*Exercise*
Your answer must be an exact copy of the lines from the one containing "6.0 s after image 1." through the last line of the records below, with no pictures; please include nothing else.

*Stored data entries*
---------------

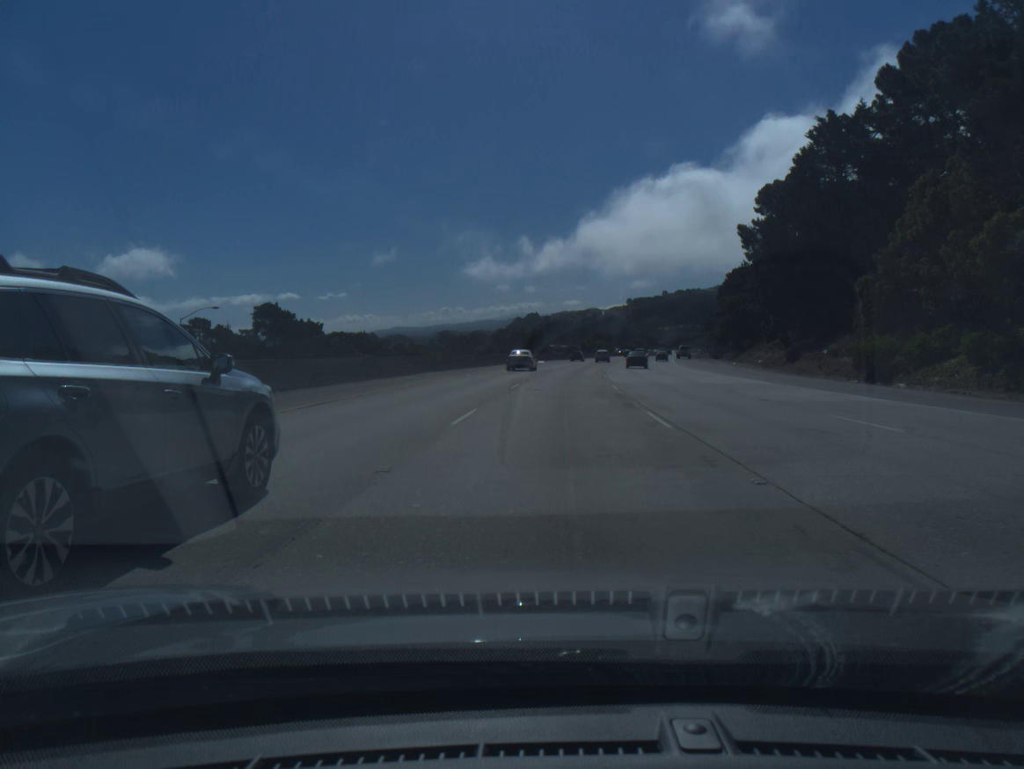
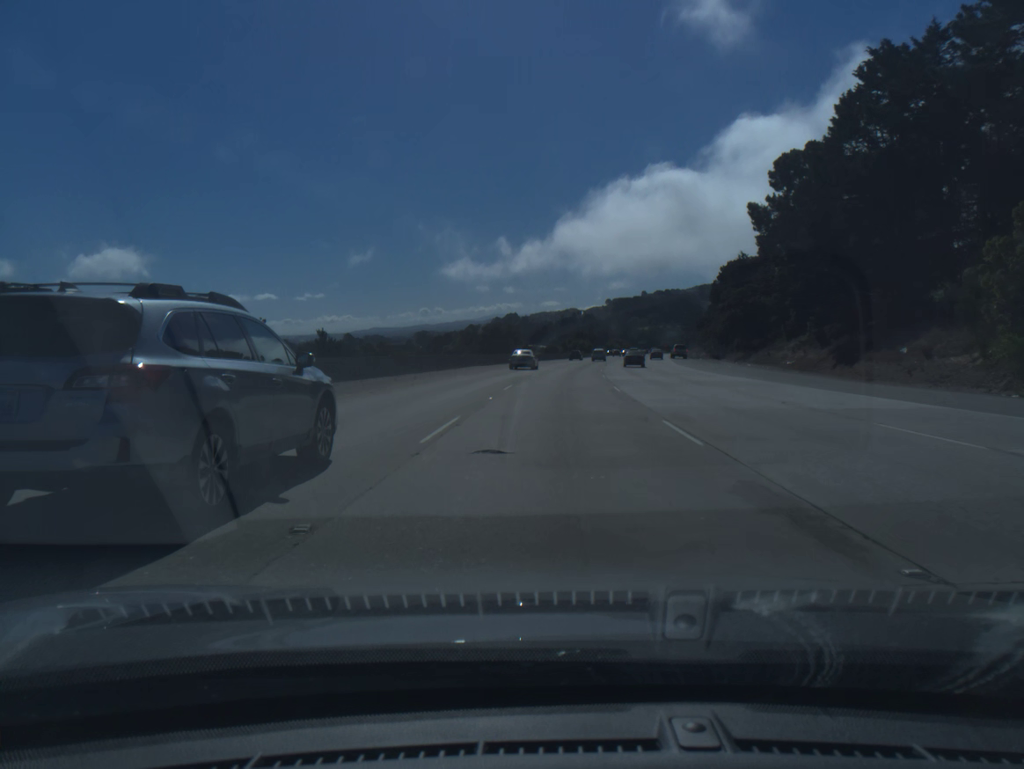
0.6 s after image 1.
(+0.2, +17.2) m; +2°
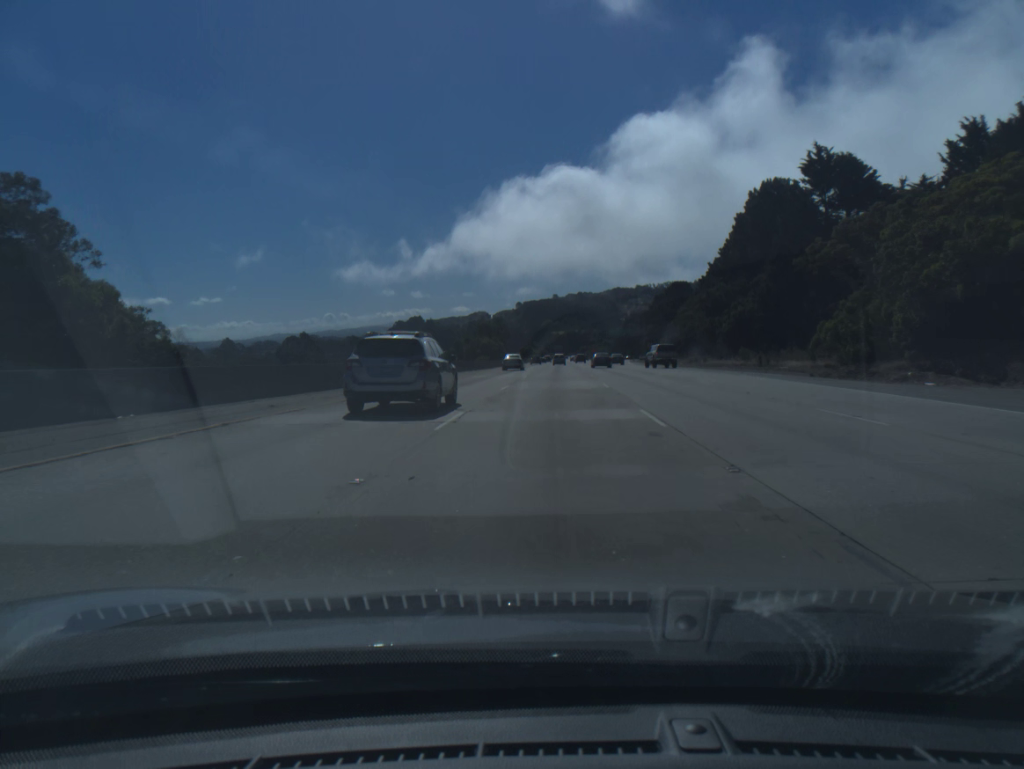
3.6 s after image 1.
(+5.1, +85.6) m; +7°
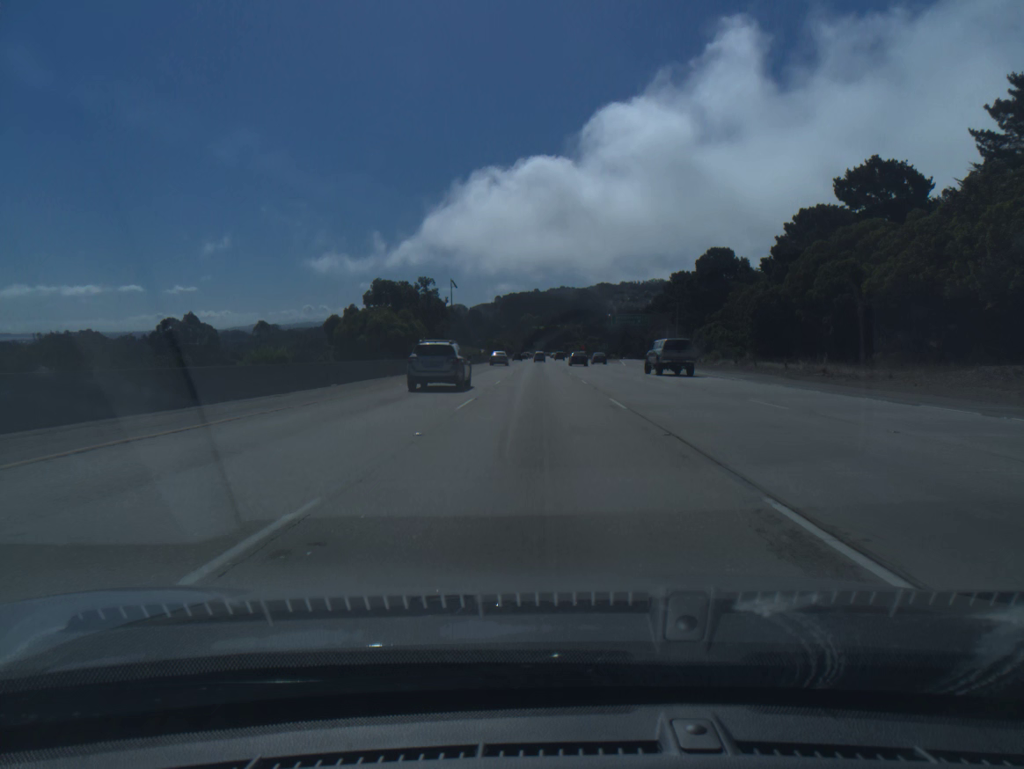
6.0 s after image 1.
(+1.4, +68.6) m; +1°
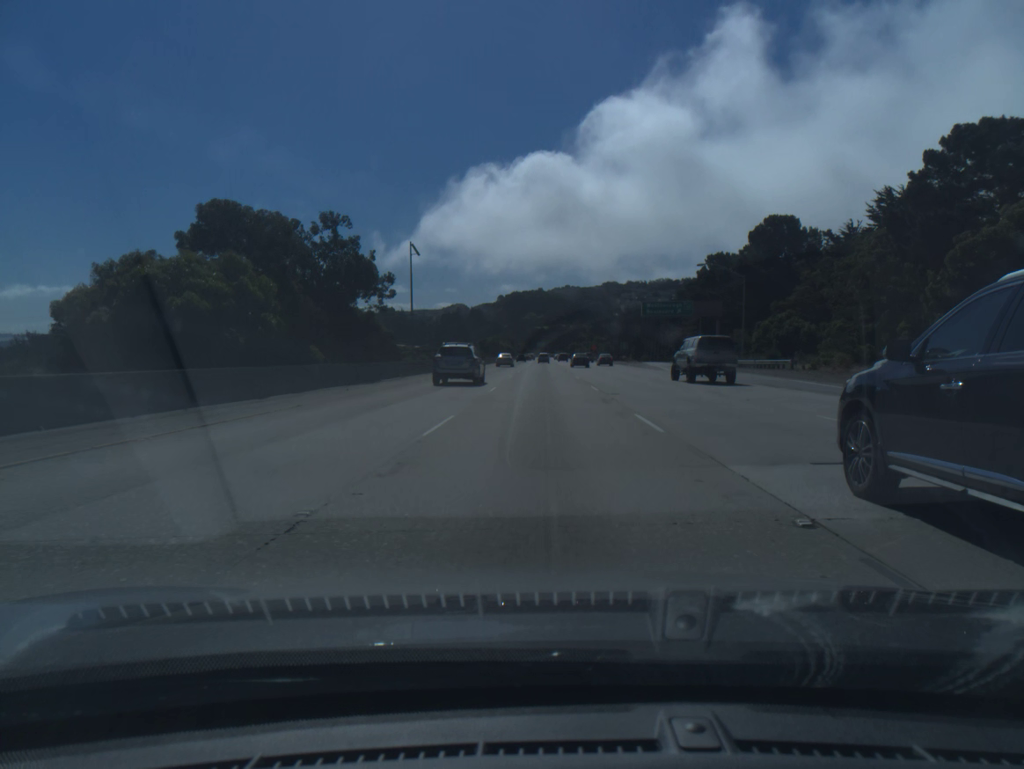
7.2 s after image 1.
(-0.1, +34.4) m; 0°
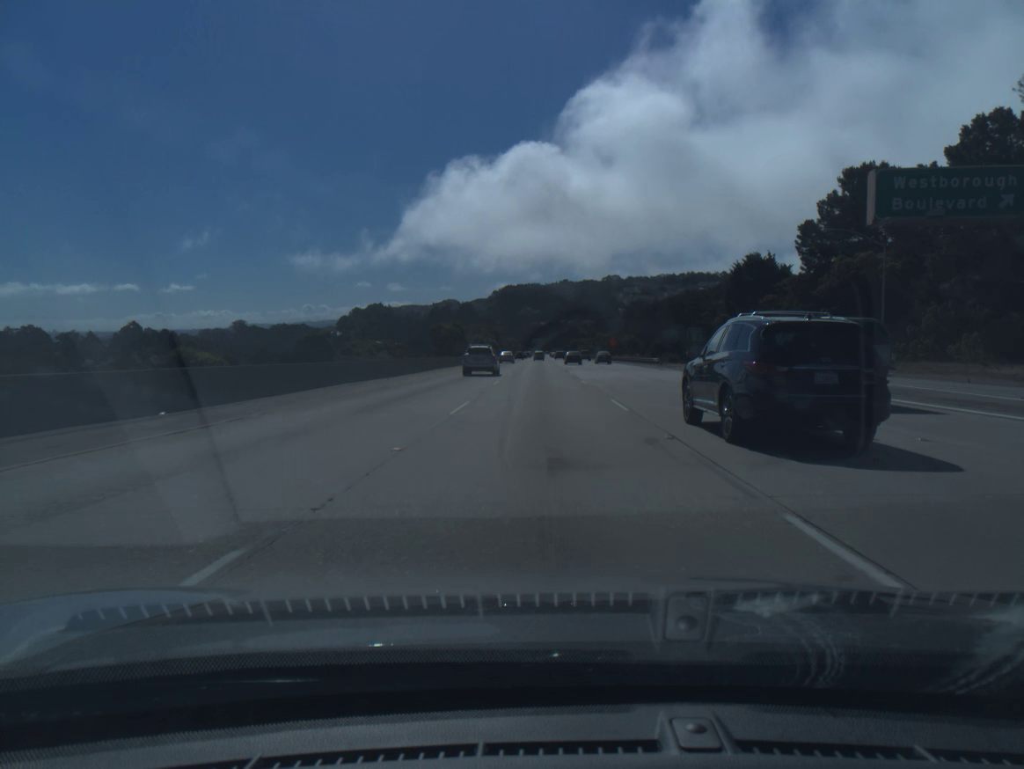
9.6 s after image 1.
(+0.1, +68.6) m; 0°
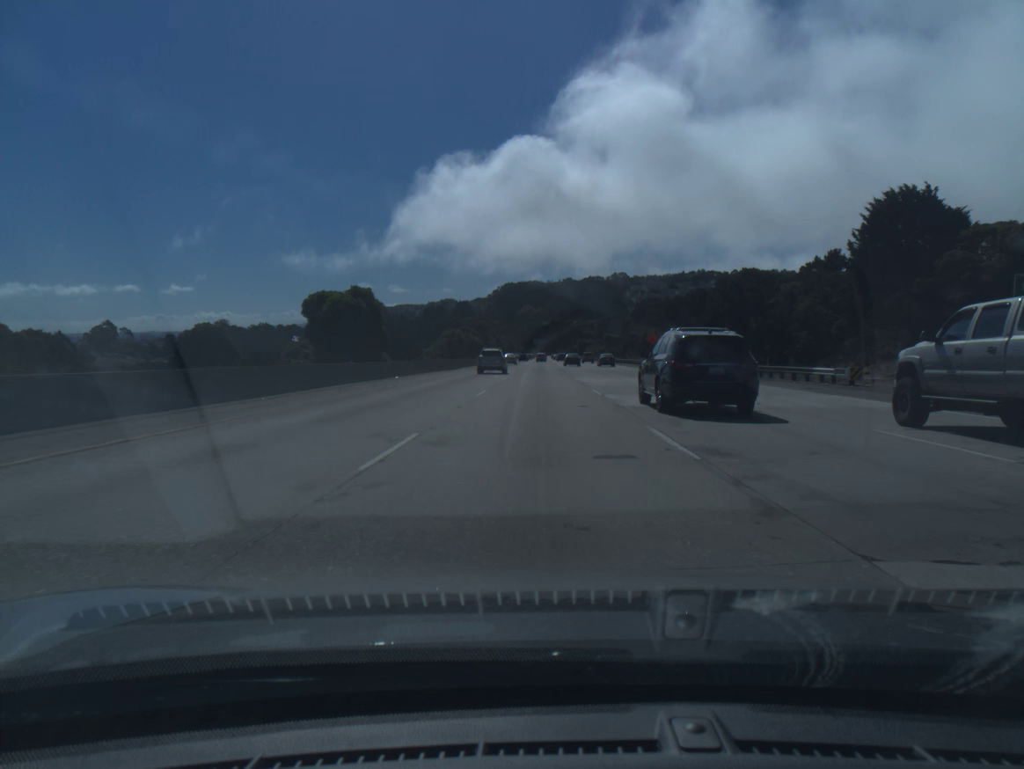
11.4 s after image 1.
(0.0, +51.5) m; 0°

---------------

*Result for this task*
6.0 s after image 1.
(+1.4, +68.6) m; +1°
7.2 s after image 1.
(-0.1, +34.4) m; 0°
9.6 s after image 1.
(+0.1, +68.6) m; 0°
11.4 s after image 1.
(0.0, +51.5) m; 0°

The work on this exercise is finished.